1. A method for packaging glass substrates for storage and/or transportation, each substrate having two substantially flat surfaces which are coated with a water-removable protective coating, said method comprising in order:

(A) stacking the coated glass substrates to form a block; and

(B) packaging the block in a container having a sealed internal environment which protects the water-removable protective coating from humidity-based degradation.

2. The method of claim 1 wherein said substrates when stacked have exposed corners and edges and said method comprises protecting the exposed corners and/or at least some of the exposed edges of the substrates using cushioning material prior to step (B).

3. The method of claim 2 wherein both the exposed corners and at least some of the exposed edges of the substrates are protected using cushioning material.

4. The method of claim 1 wherein the container is an air-sealing polymer bag or polymer wrapping.

5. The method of claim 1 wherein the coated glass substrates are stacked together using separators between the substrates.

6. The method of claim 1 wherein the internal volume within the container is vacuumed prior to sealing.

7. The method of claim 1 wherein the internal volume within the container is filled with an inert gas or an inert gas mixture prior to sealing.

8. The method of claim 1 wherein the internal volume within the bag or wrapping is sealed in a controlled humidity environment.

9. The method of claim 8 wherein the controlled humidity environment has a relative humidity of less than 50% at a temperature less than 50° C.

10. The method of claim 1 wherein the water-removable protective coating is protected from degradation for at least 6 months in an ambient environment having a relative humidity of 90 percent at 50° C.

11. The method of claim 1 comprising the additional steps of:

removing the glass substrates from the container; and

removing the water-removable protective coating from the glass substrates using an aqueous cleaning method.

12. The method of claim 11 wherein the aqueous cleaning method includes washing the glass substrates in an aqueous solution of an alkaline detergent whose temperature is between 25° C. and 80° C.

13. A package of glass substrates comprising:

(A) a plurality of glass substrates arranged in a block, each of said substrates having two substantially flat surfaces which are coated with a water-removable protective coating; and

(B) an air-sealing container surrounding the block, said container forming a sealed internal environment which protects the water-removable protective coating from humidity-based degradation.

14. The package of glass substrates of claim 13 wherein the substrates when stacked have exposed corners and edges and said package further comprises cushioning material applied to the exposed corners and/or at least some of the exposed edges of the substrates.

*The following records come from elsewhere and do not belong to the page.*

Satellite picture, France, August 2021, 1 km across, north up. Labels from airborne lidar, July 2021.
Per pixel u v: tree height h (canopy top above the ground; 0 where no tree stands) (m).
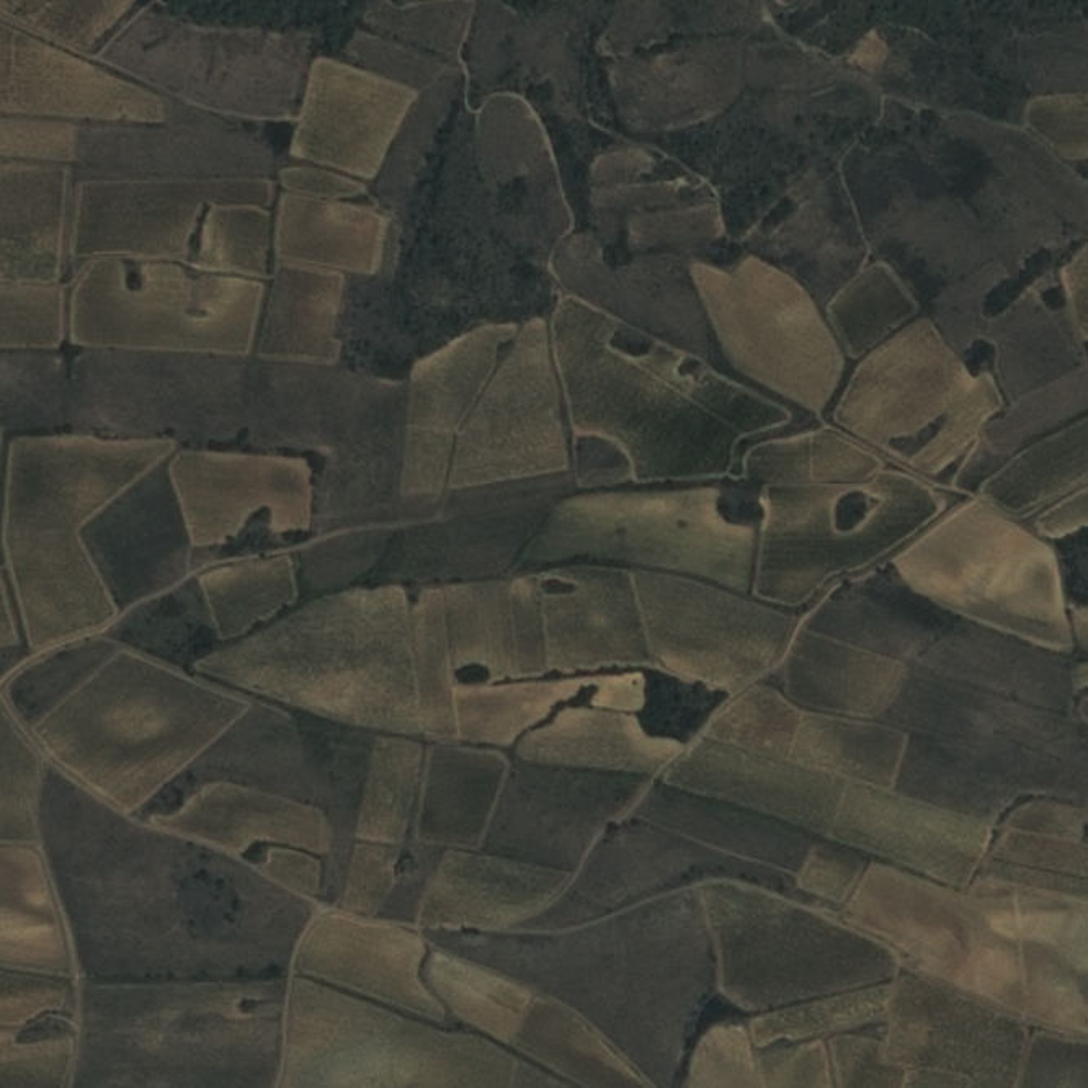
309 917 0
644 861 0
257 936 0
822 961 0
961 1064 0
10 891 0
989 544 0
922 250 0
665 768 0
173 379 0
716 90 0
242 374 0
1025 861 0
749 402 0
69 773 0
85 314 0
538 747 0
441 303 0
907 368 0
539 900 0
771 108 0
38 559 0
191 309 0
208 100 0
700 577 0
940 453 0
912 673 0
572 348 0
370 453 0
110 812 0
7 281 0
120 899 0
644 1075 0
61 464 0
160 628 0
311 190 0
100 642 0
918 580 0
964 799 0
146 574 0
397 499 0
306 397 0
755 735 0
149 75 0
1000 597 0
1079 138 0
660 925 0
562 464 0
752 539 0
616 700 0
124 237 0
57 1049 0
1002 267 0
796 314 0
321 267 0
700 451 0
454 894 0
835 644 0
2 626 0
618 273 0
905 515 0
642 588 0
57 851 0
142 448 0
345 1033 0
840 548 0
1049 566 0
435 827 0
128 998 0
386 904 0
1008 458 0
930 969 0
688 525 0
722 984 0
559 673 7
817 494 0
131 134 0
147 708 0
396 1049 0
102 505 0
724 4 0
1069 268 0
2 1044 0
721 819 0
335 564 0
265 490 0
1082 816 0
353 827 0
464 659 0
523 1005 0
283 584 0
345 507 0
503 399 0
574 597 0
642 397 0
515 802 0
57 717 0
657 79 0
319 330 0
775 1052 0
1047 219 0
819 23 0
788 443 0
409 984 0
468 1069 0
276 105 0
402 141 0
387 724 0
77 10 0
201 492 0
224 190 0
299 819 0
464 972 0
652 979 0
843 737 0
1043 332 0
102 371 0
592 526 0
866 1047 0
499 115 0
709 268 0
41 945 0
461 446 0
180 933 0
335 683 0
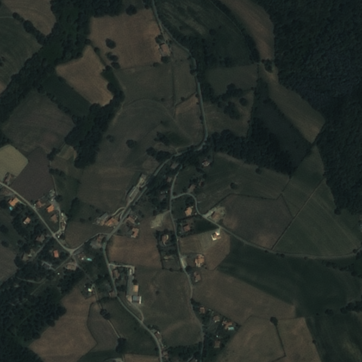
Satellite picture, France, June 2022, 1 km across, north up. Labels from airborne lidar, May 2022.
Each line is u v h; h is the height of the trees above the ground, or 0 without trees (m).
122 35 0
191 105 0
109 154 0
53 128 0
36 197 0
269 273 0
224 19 0
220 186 0
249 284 0
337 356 0
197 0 0
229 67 8
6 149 0
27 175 0
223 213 0
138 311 0
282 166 16
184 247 0
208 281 0
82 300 0
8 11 0
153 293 0
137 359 0
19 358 13
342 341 0
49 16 0
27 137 0
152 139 0
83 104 0
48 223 0
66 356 0
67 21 12
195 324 0
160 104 0
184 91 0
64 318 0
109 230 0
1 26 0
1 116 22
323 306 0
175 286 0
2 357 25
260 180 0
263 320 0
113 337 0
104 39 0
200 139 0
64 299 0
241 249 0
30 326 24
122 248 0
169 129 0
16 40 0
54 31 14
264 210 0
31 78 24
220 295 0
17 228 12
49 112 0
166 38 0
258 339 0
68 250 0
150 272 0
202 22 0
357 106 18
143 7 0
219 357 0
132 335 0
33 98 0
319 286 0
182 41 19
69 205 0
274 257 0
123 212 0
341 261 0
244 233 0
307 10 15
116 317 0
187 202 6
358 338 0
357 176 18
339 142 12
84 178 0
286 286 0
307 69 10
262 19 0
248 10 0
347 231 0
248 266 0
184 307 0
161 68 0
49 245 17
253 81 0
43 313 20
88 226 0
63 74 0
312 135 0
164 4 0
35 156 0
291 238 0
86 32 16
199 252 0
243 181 0
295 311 0
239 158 11
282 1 8
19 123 0
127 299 0
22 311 15
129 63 0
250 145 22
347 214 0
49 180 0
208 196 0
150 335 0
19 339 0
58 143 0
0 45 0
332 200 0
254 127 11
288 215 0
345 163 18
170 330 0
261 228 0
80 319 0
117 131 0
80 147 12
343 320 0
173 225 0
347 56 17
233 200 0
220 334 6
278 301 0
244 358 0
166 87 0
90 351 0
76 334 0
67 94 0
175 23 0
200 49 17
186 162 17
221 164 0
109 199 0
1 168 0
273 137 14
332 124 13
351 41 16
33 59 13
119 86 0
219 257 0
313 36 14
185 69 0
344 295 0
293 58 6
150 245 0
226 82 0
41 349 0
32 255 0
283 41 23
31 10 0
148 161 0
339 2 26
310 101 15
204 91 9
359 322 0
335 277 0
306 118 0
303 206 0
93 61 0
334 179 17
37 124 0
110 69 19
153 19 0
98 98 0
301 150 0
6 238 0
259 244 0
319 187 0
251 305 0
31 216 8
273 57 0
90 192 0
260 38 0
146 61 0
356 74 14
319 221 0
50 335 0
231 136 24
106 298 6
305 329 0
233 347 0
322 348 0
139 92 0
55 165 0
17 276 12
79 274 14
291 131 0
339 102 19
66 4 10
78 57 6
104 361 0
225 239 0
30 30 19
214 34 17
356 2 22
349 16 24
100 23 0
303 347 0
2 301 14
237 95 17
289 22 9
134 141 10
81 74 0
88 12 20
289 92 0
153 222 0
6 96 20
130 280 0
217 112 0
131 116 0
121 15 0
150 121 0
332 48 20
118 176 0
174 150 0
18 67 0
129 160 0
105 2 21
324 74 17
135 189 0
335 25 27
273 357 0
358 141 22
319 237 0
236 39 0
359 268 0
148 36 0
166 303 0
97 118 14
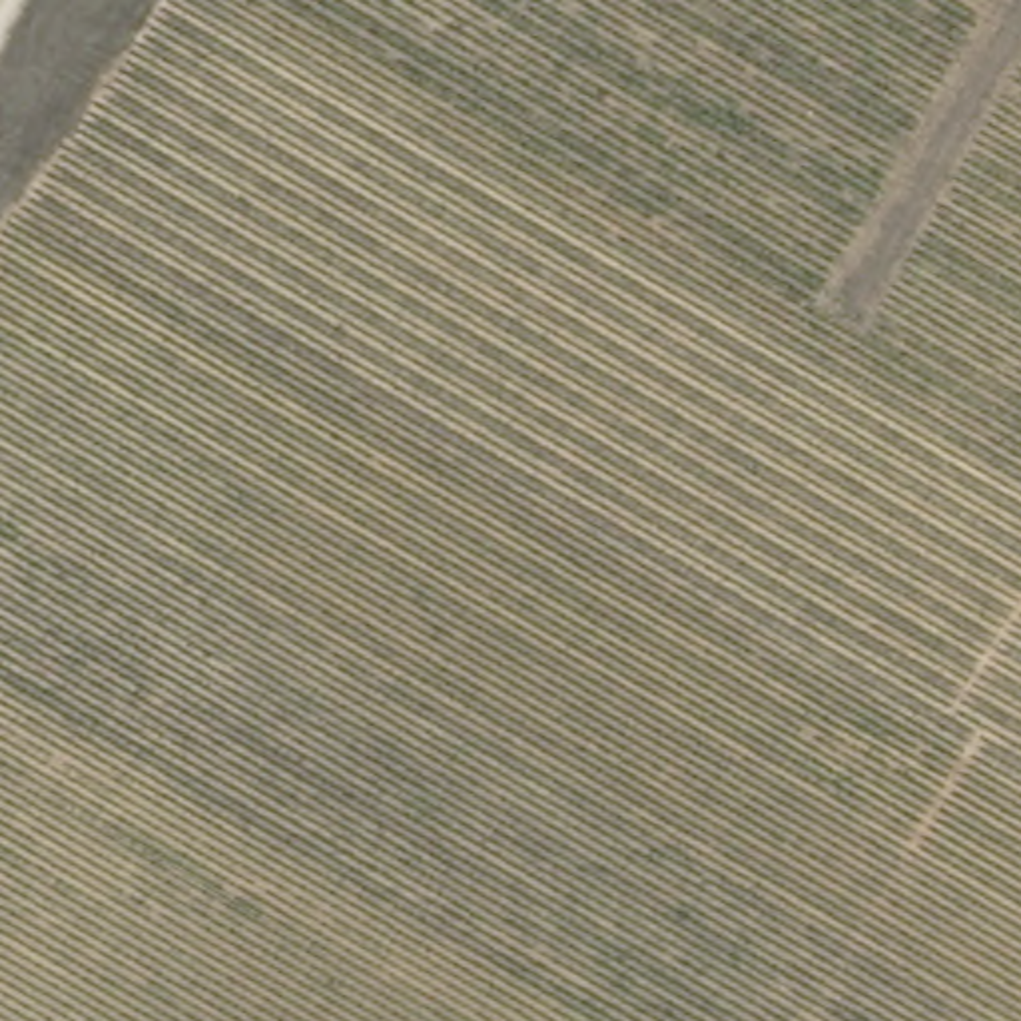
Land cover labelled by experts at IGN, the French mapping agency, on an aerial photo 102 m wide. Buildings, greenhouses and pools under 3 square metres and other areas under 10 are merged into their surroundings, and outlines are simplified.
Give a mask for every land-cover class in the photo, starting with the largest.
<instances>
[{"label":"vineyard","instance_id":"1","mask_svg":"<svg viewBox=\"0 0 1021 1021\"><path fill-rule=\"evenodd\" d=\"M0 1021H1021V0H156L148 20L132 32L128 48L100 72L88 104L76 116V128L36 164L24 191L0 207Z\"/></svg>","mask_w":1021,"mask_h":1021},{"label":"herbaceous vegetation","instance_id":"2","mask_svg":"<svg viewBox=\"0 0 1021 1021\"><path fill-rule=\"evenodd\" d=\"M156 0H0V207L24 191L36 164L76 128V116L88 104L100 72L128 48L132 32L148 20Z\"/></svg>","mask_w":1021,"mask_h":1021}]
</instances>
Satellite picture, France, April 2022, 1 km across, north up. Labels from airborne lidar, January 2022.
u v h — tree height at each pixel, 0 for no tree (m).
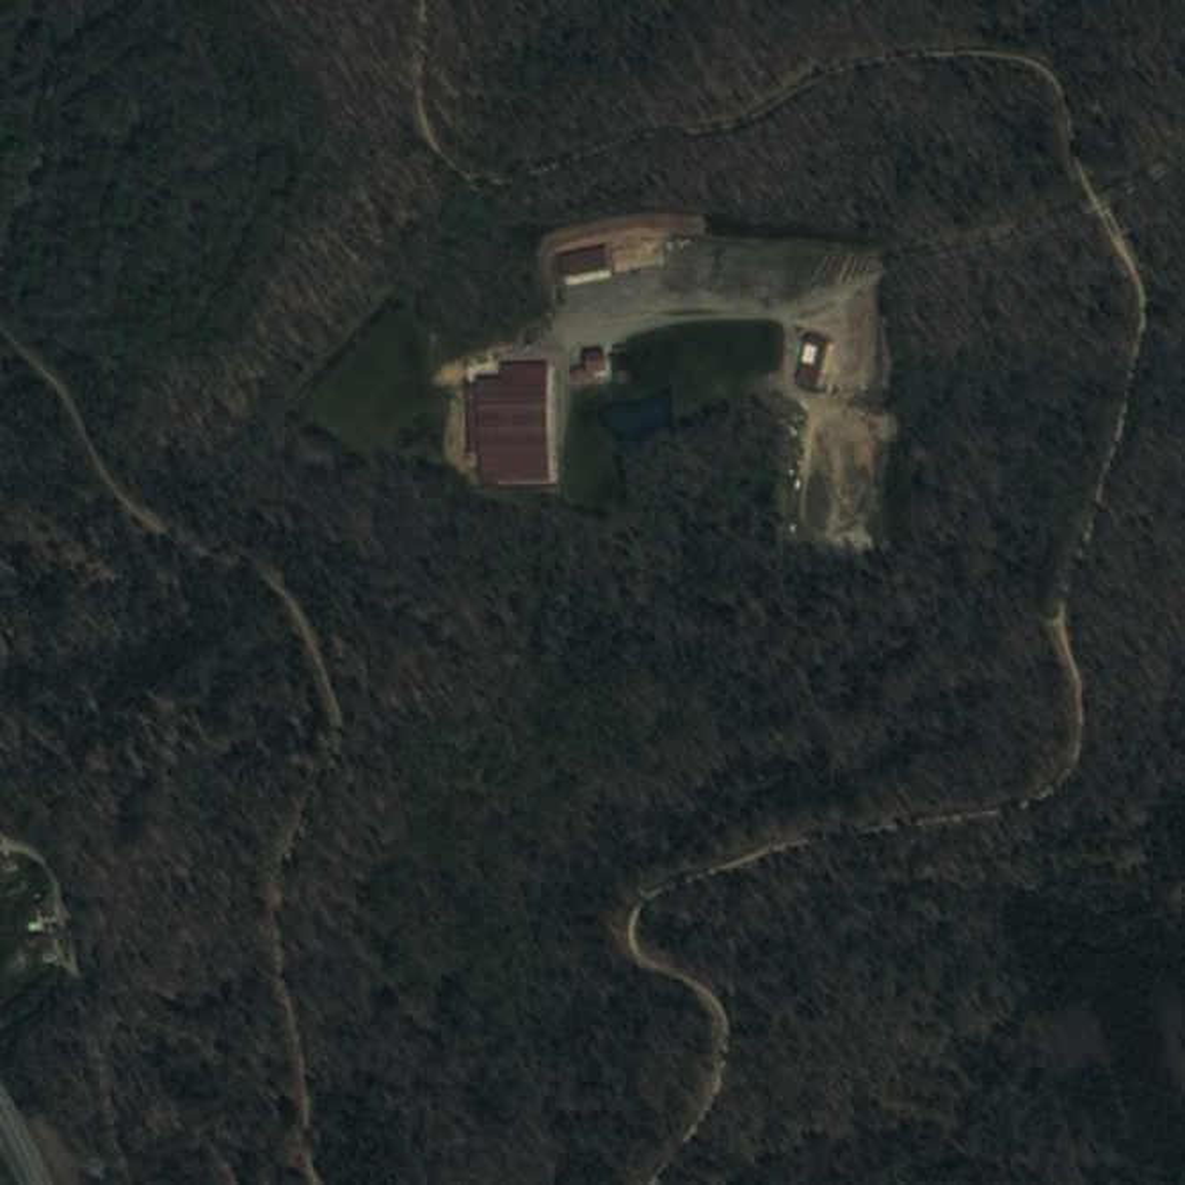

15. The package of claim 14 wherein cushioning material is applied to both the exposed corners of the substrates and at least some of the exposed edges.

16. The package of claim 13 wherein the container is an air-sealing polymer bag or polymer wrapping.

17. The package of claim 13 further comprising separators between the substrates.

18. The package of claim 13 wherein the sealed internal environment is at a pressure below atmospheric pressure.

19. The package of claim 13 wherein the sealed internal environment contains an inert gas or an inert gas mixture.

20. The package of claim 13 wherein the sealed internal environment contains air which has a relative humidity of less than 50% at a temperature less than 50° C.

21. The package of claim 13 wherein the water-removable protective coating is protected from degradation for at least 6 months in an ambient environment having a relative humidity of 90 percent at 50° C.

22. The package of claim 13 wherein the glass substrates are LCD glass substrates.